• **To do**: Copy the lines below word for word, skipping any image.

• **Material provided**:
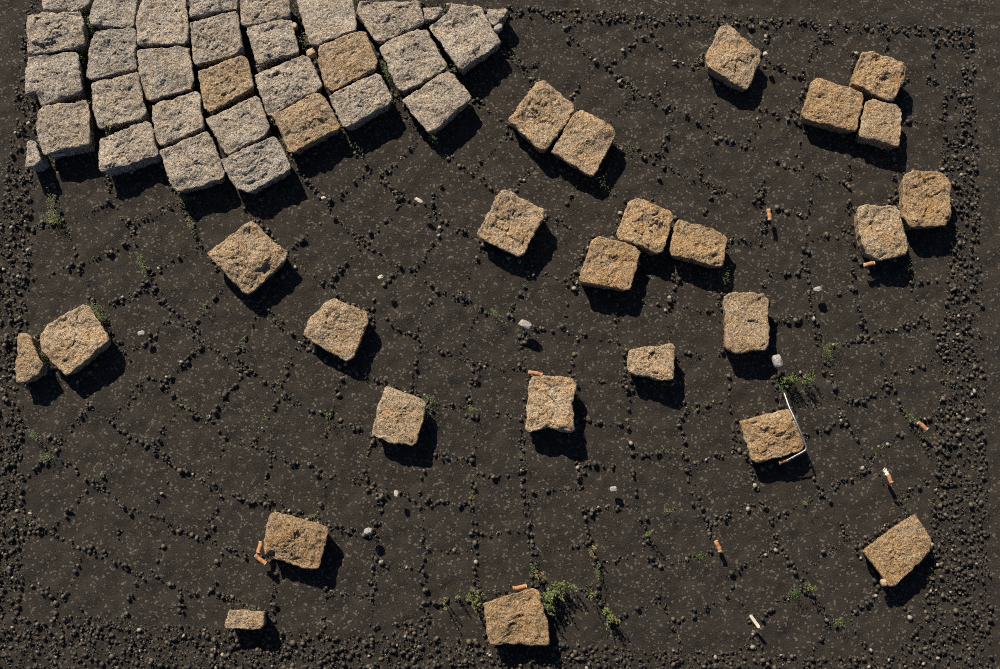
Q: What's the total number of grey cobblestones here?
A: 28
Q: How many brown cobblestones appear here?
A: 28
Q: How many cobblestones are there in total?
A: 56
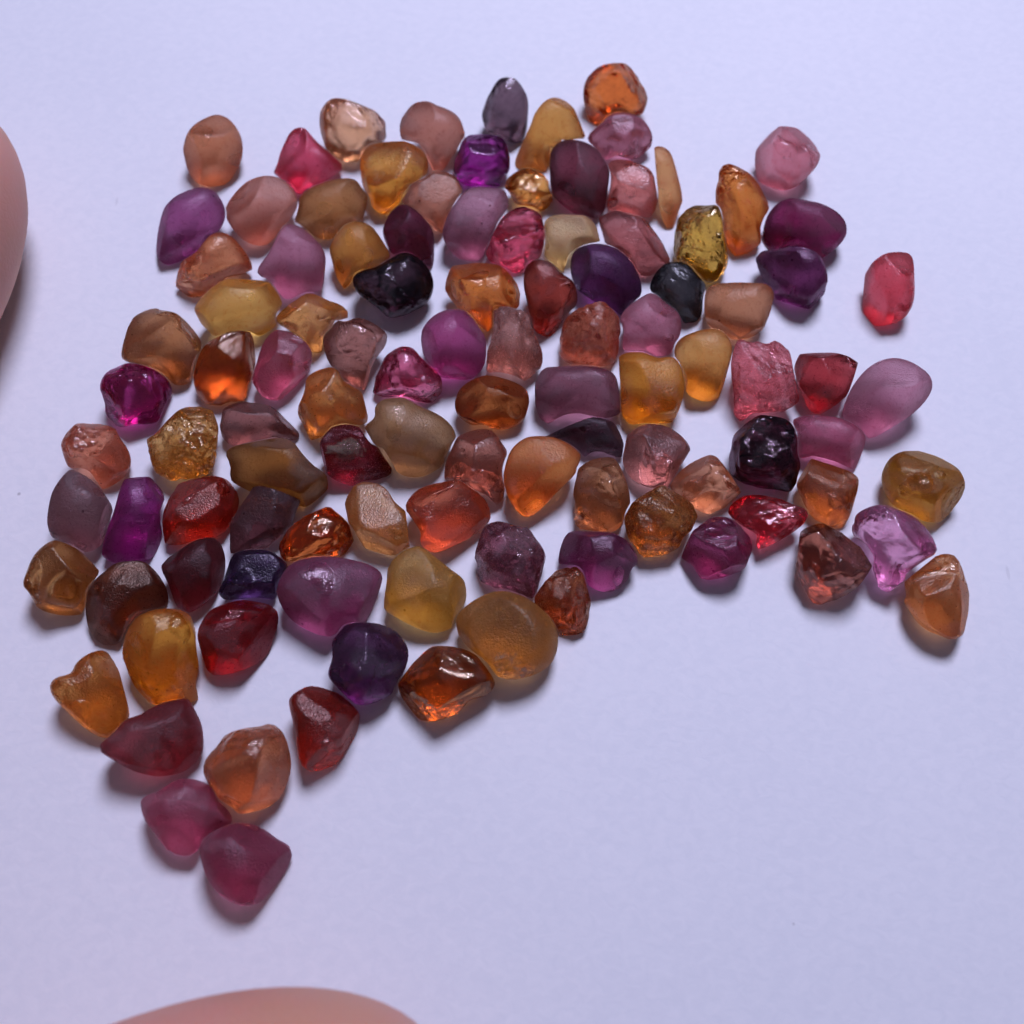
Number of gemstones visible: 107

• **Output**:
Q: What's the total number of grey cobblestones here?
A: 28
Q: How many brown cobblestones appear here?
A: 28
Q: How many cobblestones are there in total?
A: 56
Number of gemstones visible: 107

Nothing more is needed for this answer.